How high of a tower would have to be built to enable someone to have line-of-sight across Lake Huron from White Rock, Michigan to Canada (approximately in the area of Goderich)? According to MSN Maps, this is a distance of approximately 45 miles, or so.
Is there a formula or some calculation to approximate this, given the curvature of the earth?
2006-12-01 06:10:26 · 3 answers · asked by Kenneth G 2 in Science & Mathematics ➔ Geography
If we include atmospheric refraction -- and we should! -- the rule of thumb is:
distance to horizon (miles) = sqrt [ 7 × h (feet) / 4 ]

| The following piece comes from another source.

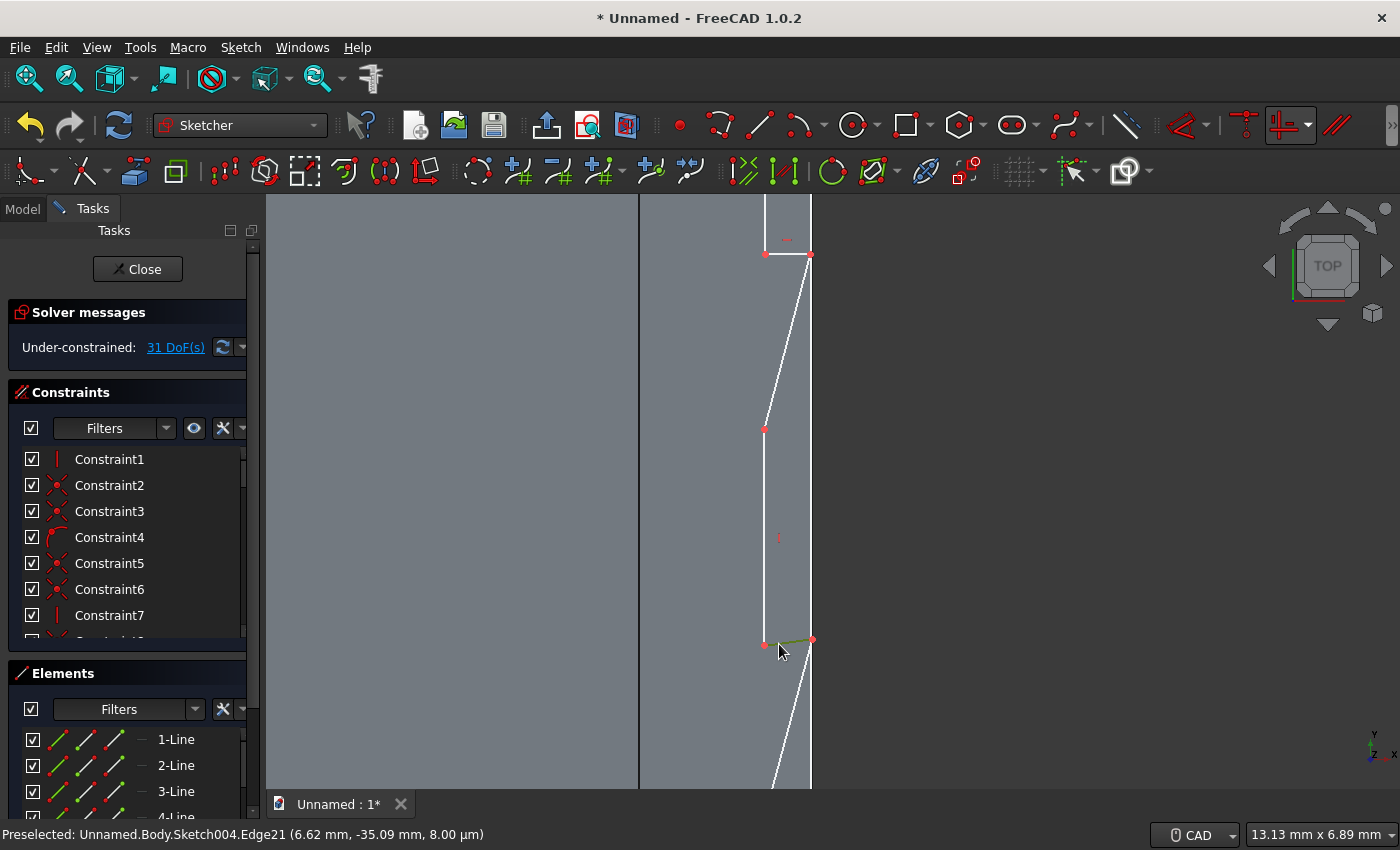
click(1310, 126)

So for a distance of 45 miles, the height would be 1157 feet.
2006-12-01 09:53:18 · answer #1 · answered by Keith P 7 · 0⤊ 0⤋
Assumption 1: The tower you build will be at right angles to the chord connecting the base of the tower and the point on the far shore.
Assumption 2: You're looking for the "beach" with your line-of-sight.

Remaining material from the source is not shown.